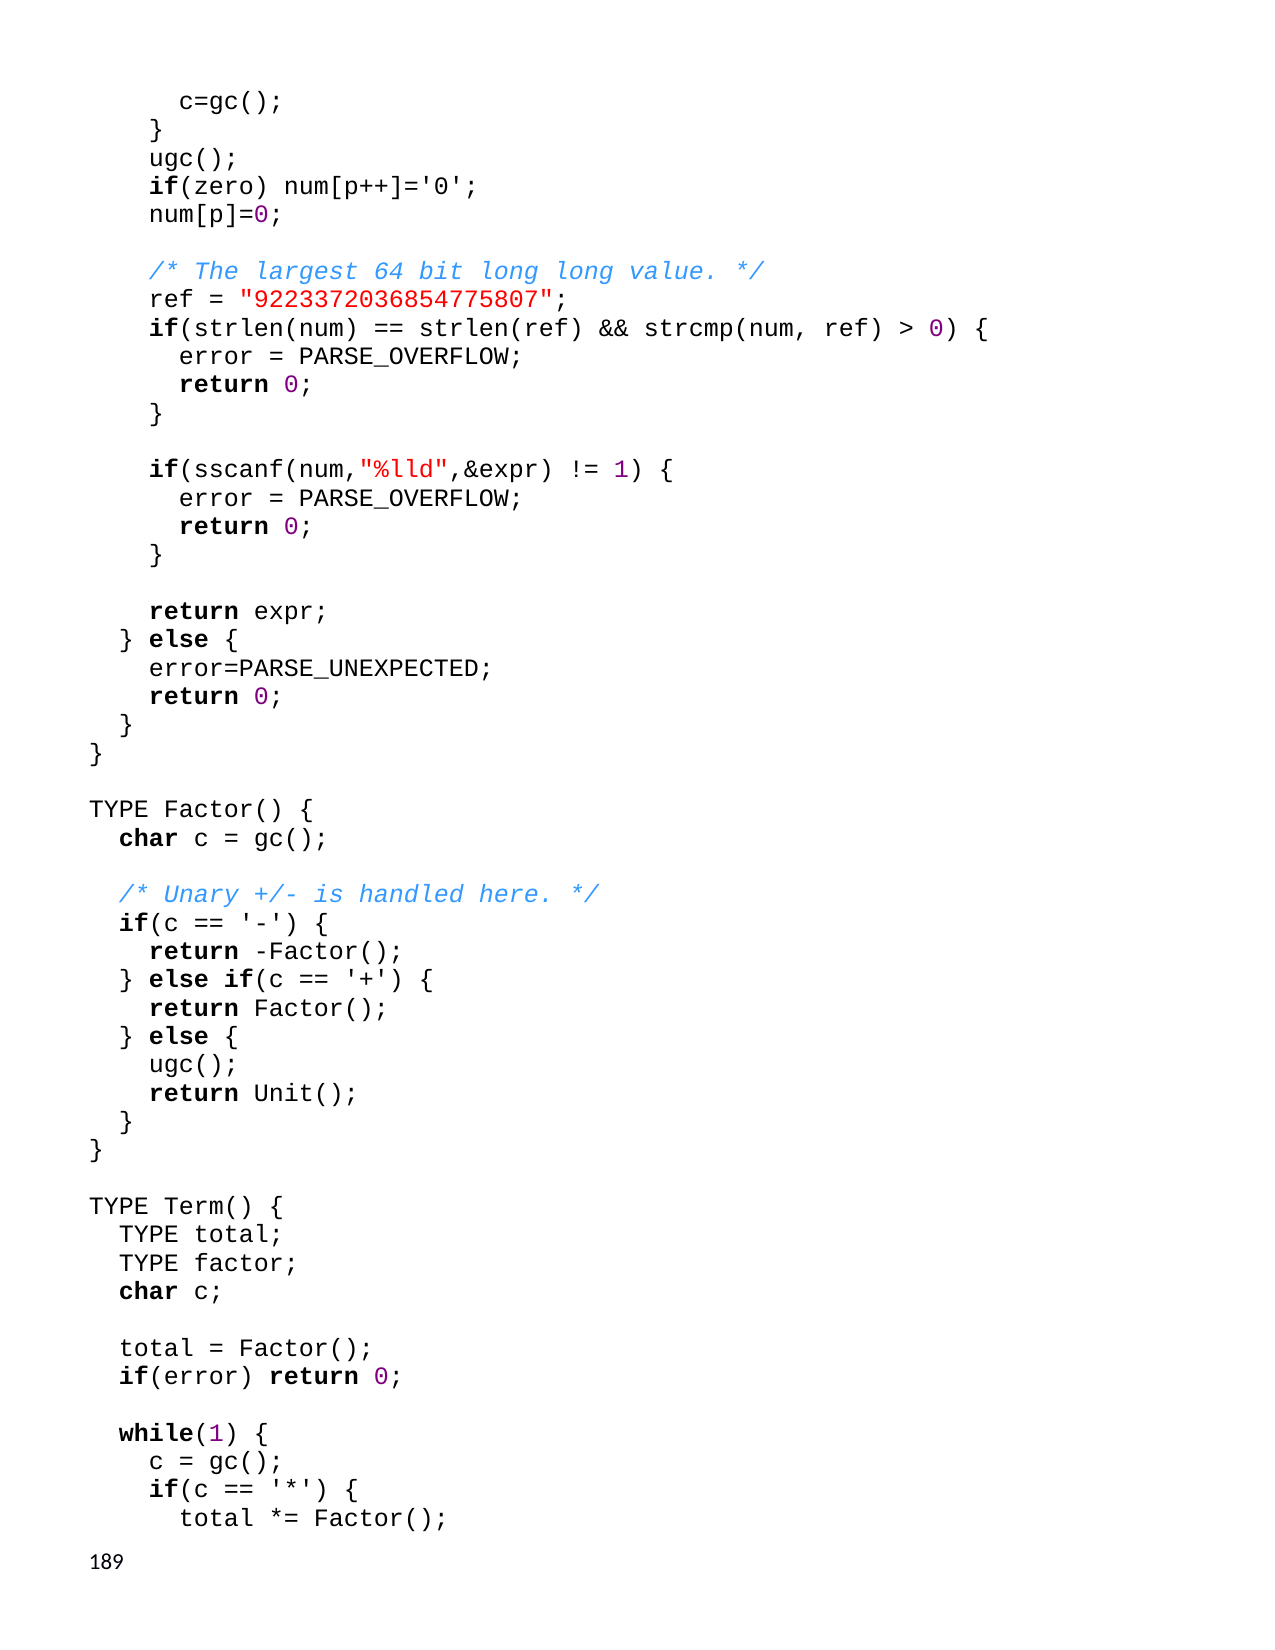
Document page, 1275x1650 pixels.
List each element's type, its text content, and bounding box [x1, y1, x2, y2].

text c = gc(); [89, 1449, 1186, 1477]
text return 0; [89, 372, 1186, 400]
text c=gc(); [89, 89, 1186, 117]
text } else if(c == '+') { [89, 967, 1186, 995]
text return Factor(); [89, 995, 1186, 1024]
text if(error) return 0; [89, 1364, 1186, 1392]
text } [89, 117, 1186, 145]
text /* The largest 64 bit long long value. */ [89, 259, 1186, 287]
text TYPE total; [89, 1222, 1186, 1250]
text ref = "9223372036854775807"; [89, 287, 1186, 315]
text total *= Factor(); [89, 1505, 1186, 1534]
text error = PARSE_OVERFLOW; [89, 344, 1186, 372]
text char c = gc(); [89, 825, 1186, 854]
text TYPE Factor() { [89, 797, 1186, 825]
text TYPE factor; [89, 1250, 1186, 1279]
text total = Factor(); [89, 1335, 1186, 1364]
text } else { [89, 1024, 1186, 1052]
text ugc(); [89, 145, 1186, 174]
text if(c == '*') { [89, 1477, 1186, 1505]
text error=PARSE_UNEXPECTED; [89, 655, 1186, 684]
text /* Unary +/- is handled here. */ [89, 882, 1186, 910]
text while(1) { [89, 1420, 1186, 1449]
text } [89, 712, 1186, 740]
text return -Factor(); [89, 939, 1186, 967]
text if(c == '-') { [89, 910, 1186, 939]
text char c; [89, 1279, 1186, 1307]
text if(zero) num[p++]='0'; [89, 174, 1186, 202]
text return 0; [89, 684, 1186, 712]
text return Unit(); [89, 1080, 1186, 1109]
text return expr; [89, 599, 1186, 627]
text ugc(); [89, 1052, 1186, 1080]
text } [89, 542, 1186, 570]
text num[p]=0; [89, 202, 1186, 230]
text if(strlen(num) == strlen(ref) && strcmp(num, ref) > 0) { [89, 315, 1186, 344]
text } [89, 1109, 1186, 1137]
text } else { [89, 627, 1186, 655]
text } [89, 740, 1186, 769]
text if(sscanf(num,"%lld",&expr) != 1) { [89, 457, 1186, 485]
text } [89, 1137, 1186, 1165]
text error = PARSE_OVERFLOW; [89, 485, 1186, 514]
text TYPE Term() { [89, 1194, 1186, 1222]
text } [89, 400, 1186, 429]
text return 0; [89, 514, 1186, 542]
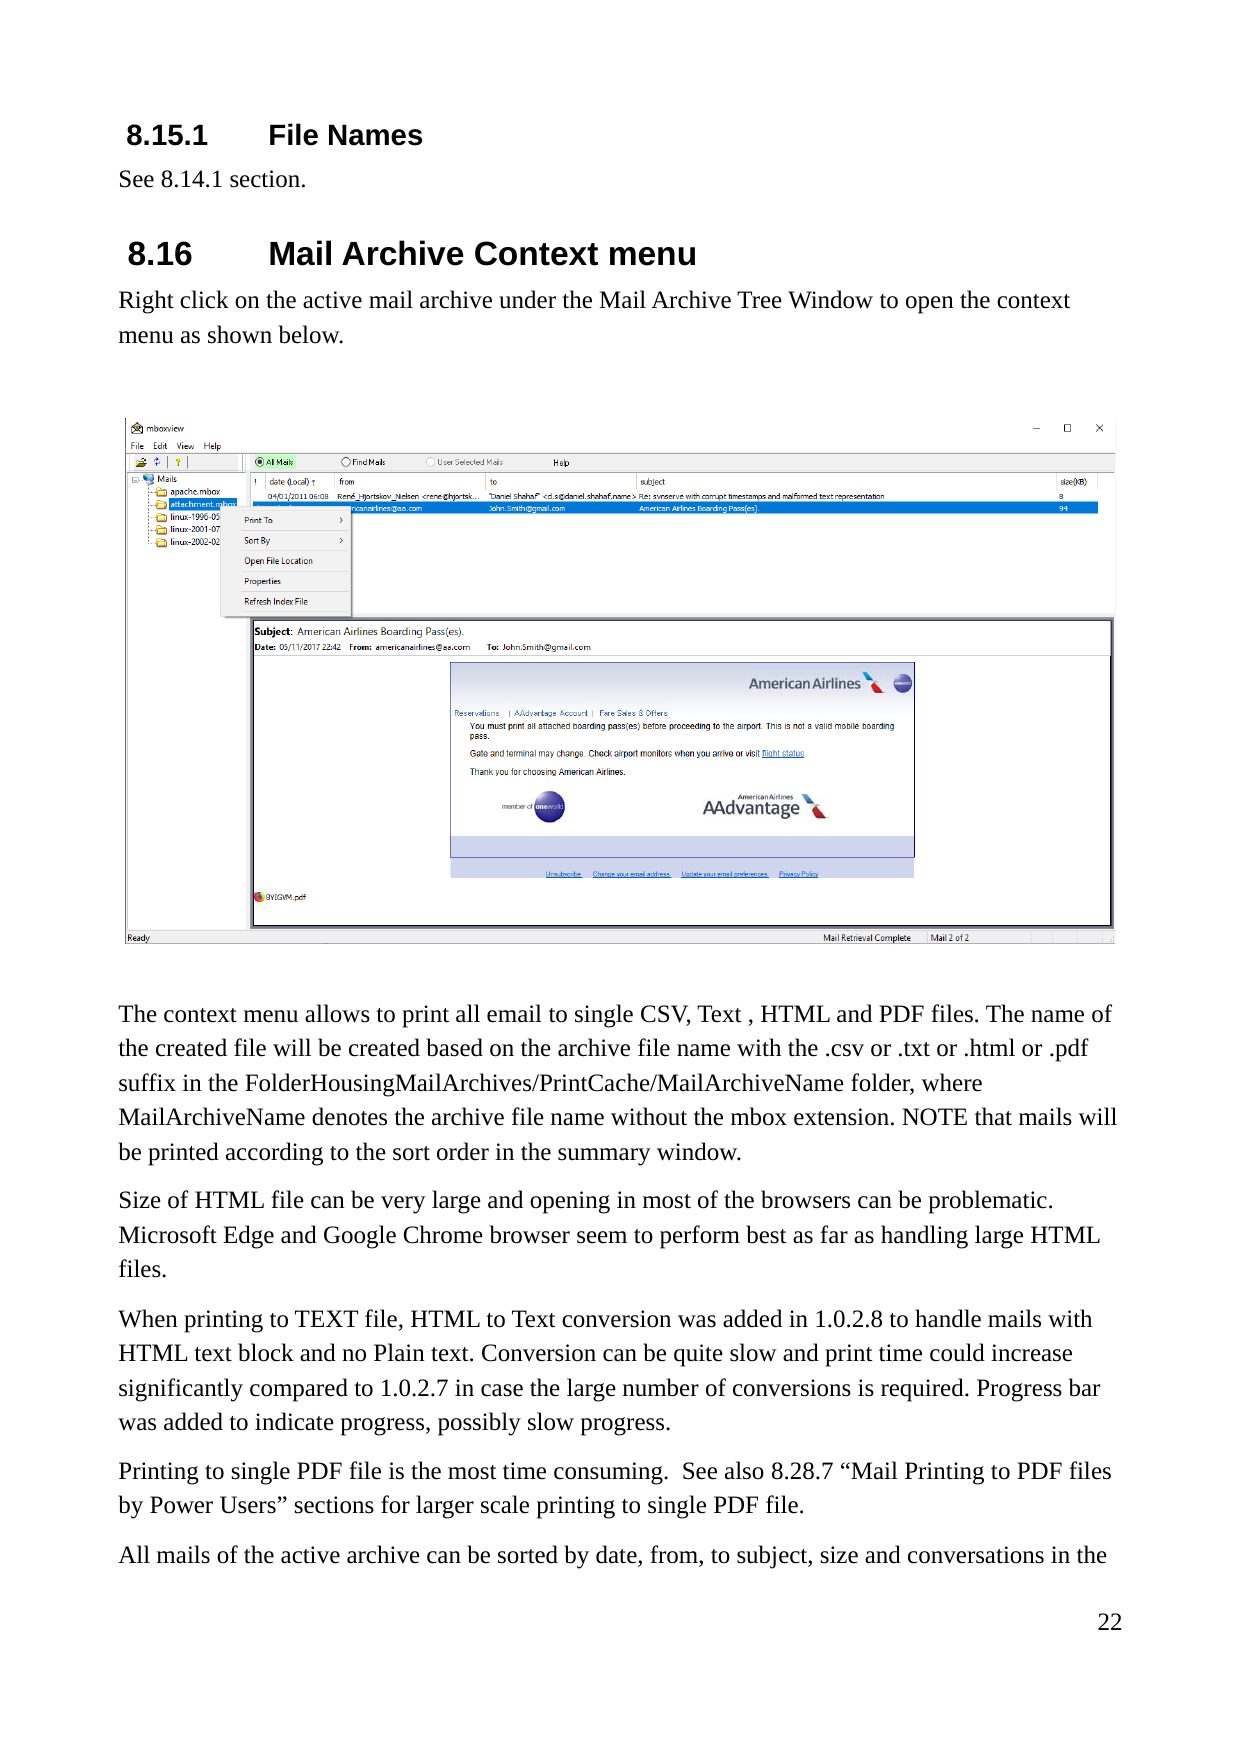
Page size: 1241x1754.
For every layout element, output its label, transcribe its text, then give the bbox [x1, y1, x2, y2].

text All mails of the active archive can be sorted by date, from, to subject, size and conversations in the [118, 1540, 1122, 1568]
text When printing to TEXT file, HTML to Text conversion was added in 1.0.2.8 to handle mails with HTML text block and no Plain text. Conversion can be quite slow and print time could increase significantly compared to 1.0.2.7 in case the large number of conversions is required. Progress bar was added to indicate progress, possibly slow progress. [118, 1304, 1122, 1436]
text See 8.14.1 section. [118, 164, 1122, 193]
text Size of HTML file can be very large and opening in most of the browsers can be problematic. Microsoft Edge and Google Chrome browser seem to perform best as far as handling large HTML files. [118, 1186, 1122, 1283]
picture [125, 418, 1116, 944]
text Right click on the active mail archive under the Mail Archive Tree Window to open the context menu as shown below. [118, 285, 1122, 349]
text The context menu allows to print all email to single CSV, Text , HTML and PDF files. The name of the created file will be created based on the archive file name with the .csv or .txt or .html or .pdf suffix in the FolderHousingMailArchives/PrintCache/MailArchiveName folder, where MailArchiveName denotes the archive file name without the mbox extension. NOTE that mails will be printed according to the sort order in the summary window. [118, 999, 1122, 1165]
subtitle Mail Archive Context menu [118, 234, 1122, 273]
subtitle File Names [118, 118, 1122, 152]
text Printing to single PDF file is the most time consuming. See also 8.28.7 “Mail Printing to PDF files by Power Users” sections for larger scale printing to single PDF file. [118, 1456, 1122, 1519]

========================================

Write out an exact copy of the listing, first line through the line containing "text num[p]=0; [89, 202, 1186, 230]", with the pictures left out.

Document page, 1275x1650 pixels.
List each element's type, its text content, and bounding box [x1, y1, x2, y2].

text c = gc(); [89, 1449, 1186, 1477]
text return 0; [89, 372, 1186, 400]
text c=gc(); [89, 89, 1186, 117]
text } else if(c == '+') { [89, 967, 1186, 995]
text return Factor(); [89, 995, 1186, 1024]
text if(error) return 0; [89, 1364, 1186, 1392]
text } [89, 117, 1186, 145]
text /* The largest 64 bit long long value. */ [89, 259, 1186, 287]
text TYPE total; [89, 1222, 1186, 1250]
text ref = "9223372036854775807"; [89, 287, 1186, 315]
text total *= Factor(); [89, 1505, 1186, 1534]
text error = PARSE_OVERFLOW; [89, 344, 1186, 372]
text char c = gc(); [89, 825, 1186, 854]
text TYPE Factor() { [89, 797, 1186, 825]
text TYPE factor; [89, 1250, 1186, 1279]
text total = Factor(); [89, 1335, 1186, 1364]
text } else { [89, 1024, 1186, 1052]
text ugc(); [89, 145, 1186, 174]
text if(c == '*') { [89, 1477, 1186, 1505]
text error=PARSE_UNEXPECTED; [89, 655, 1186, 684]
text /* Unary +/- is handled here. */ [89, 882, 1186, 910]
text while(1) { [89, 1420, 1186, 1449]
text } [89, 712, 1186, 740]
text return -Factor(); [89, 939, 1186, 967]
text if(c == '-') { [89, 910, 1186, 939]
text char c; [89, 1279, 1186, 1307]
text if(zero) num[p++]='0'; [89, 174, 1186, 202]
text return 0; [89, 684, 1186, 712]
text return Unit(); [89, 1080, 1186, 1109]
text return expr; [89, 599, 1186, 627]
text ugc(); [89, 1052, 1186, 1080]
text } [89, 542, 1186, 570]
text num[p]=0; [89, 202, 1186, 230]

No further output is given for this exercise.